*What you should do*. Transcribe the listing exactly, skipping every picture.

*Raw data*.
******

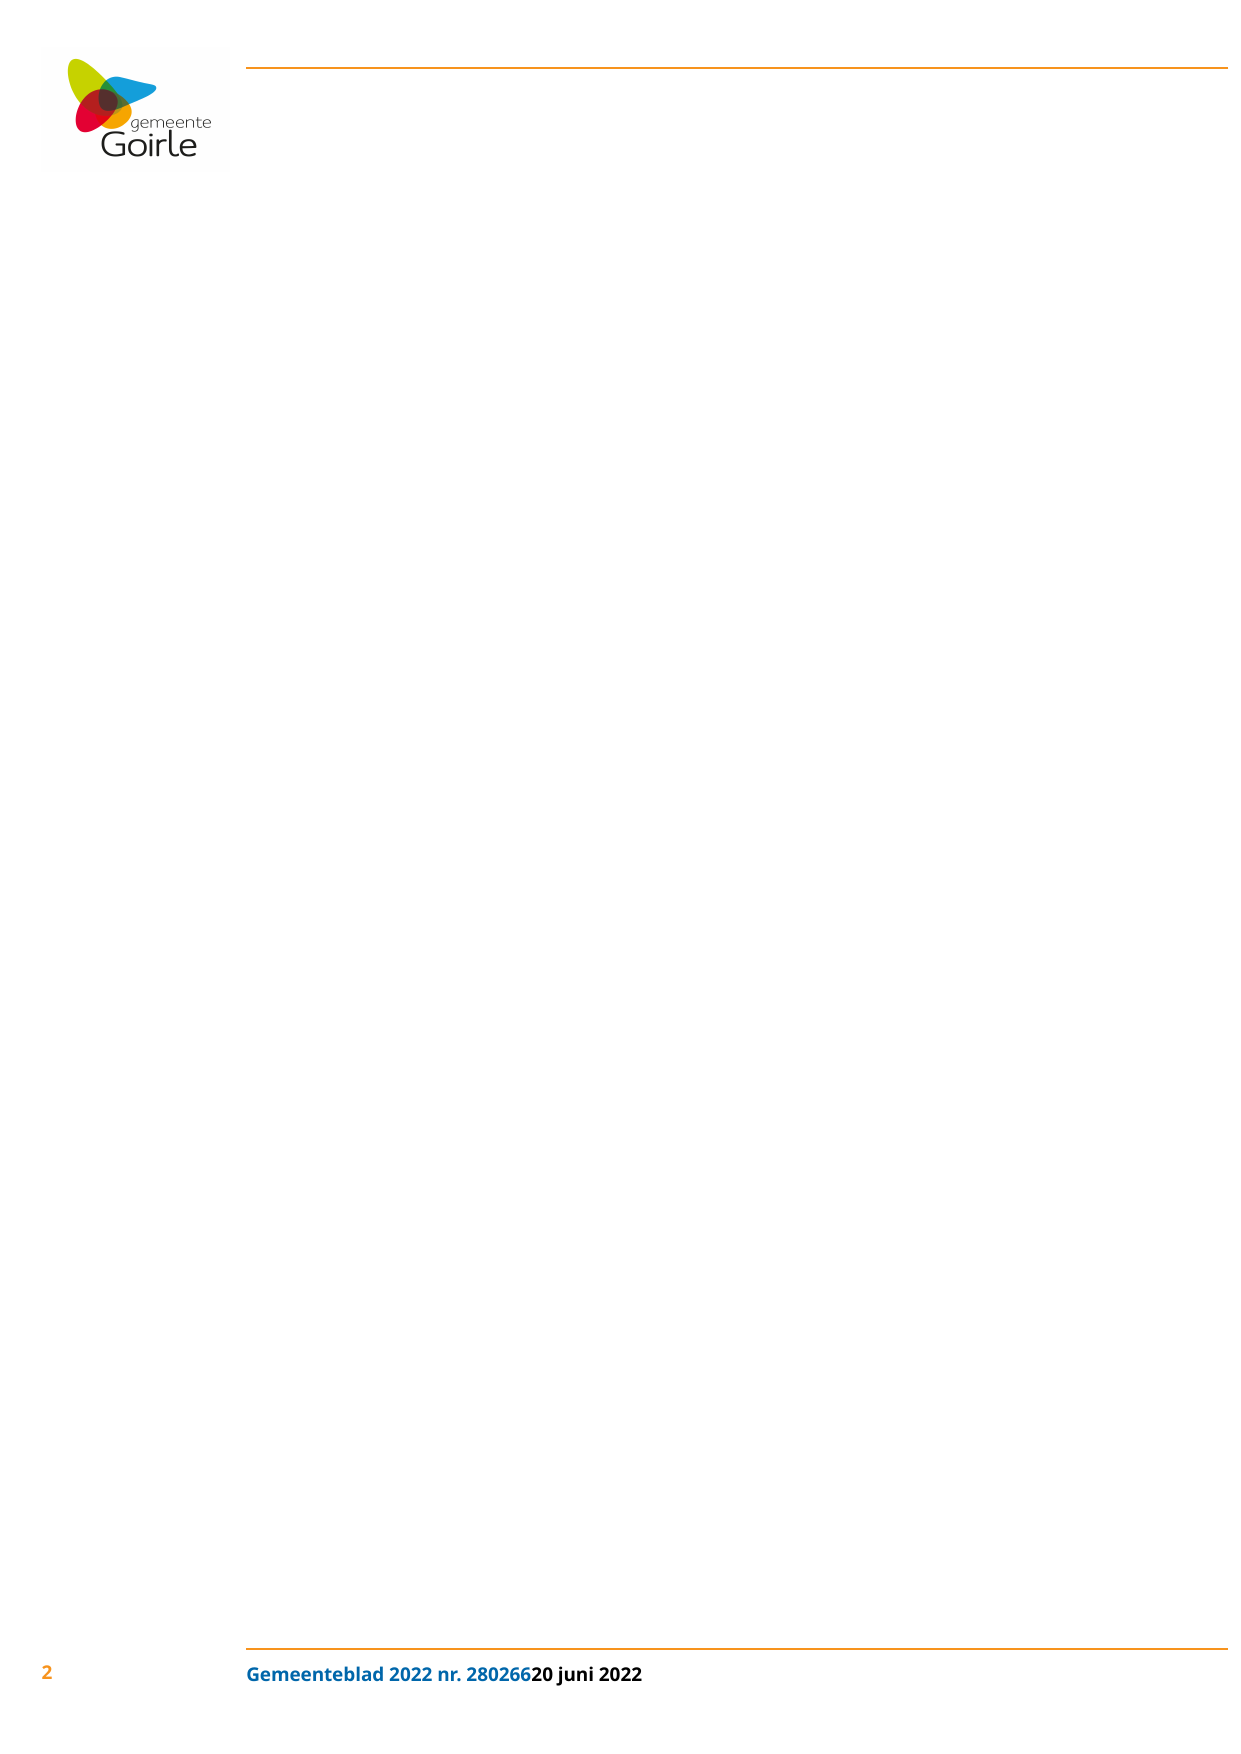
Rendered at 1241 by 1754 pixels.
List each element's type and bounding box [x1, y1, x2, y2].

picture [41, 47, 231, 172]
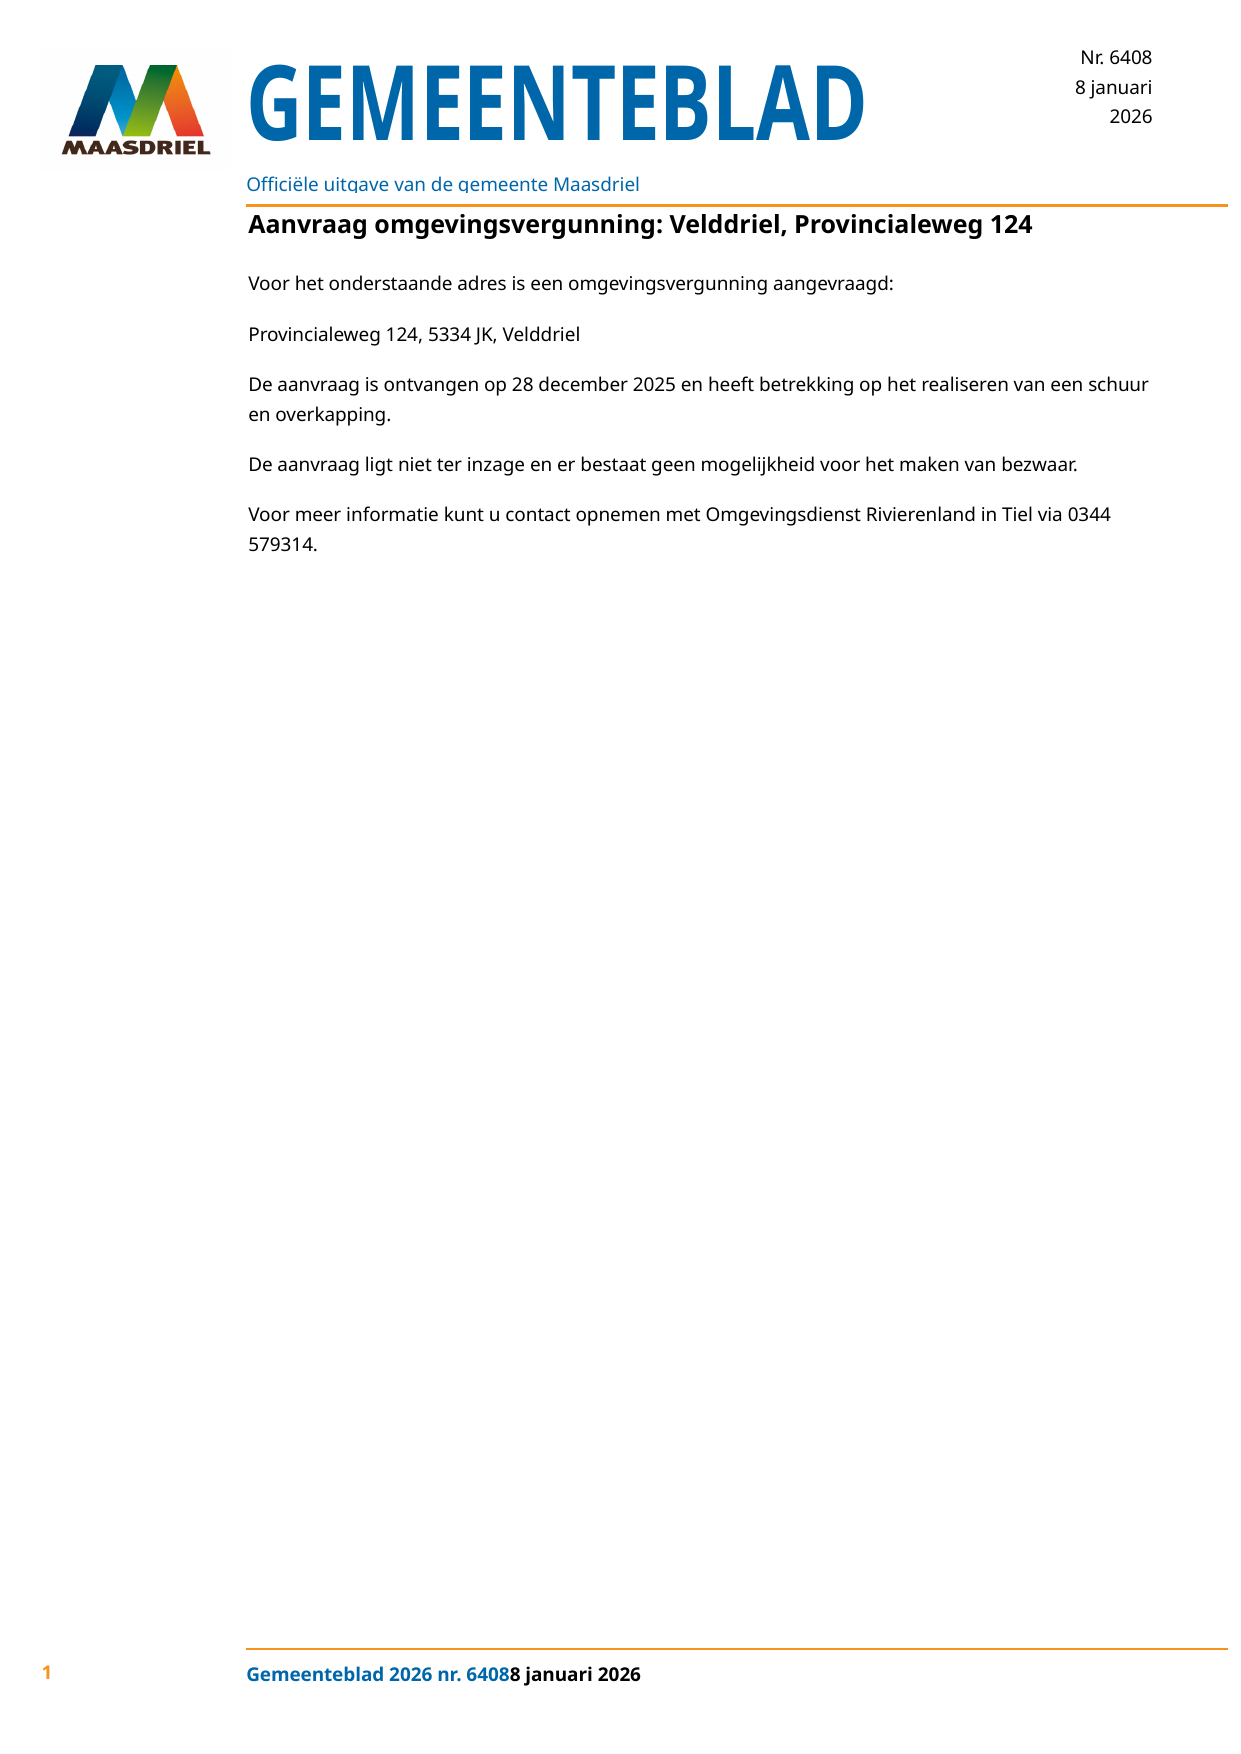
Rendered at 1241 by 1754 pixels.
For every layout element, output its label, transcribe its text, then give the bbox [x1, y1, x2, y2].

******

*Response to the exercise*.
Rendered at 1241 by 1754 pixels.
List each element's type and bounding box [x1, y1, x2, y2].

picture [41, 47, 231, 172]
Rendered at 1241 by 1754 pixels.
For every layout element, output its label, transcribe its text, then give the bbox [x1, y1, x2, y2].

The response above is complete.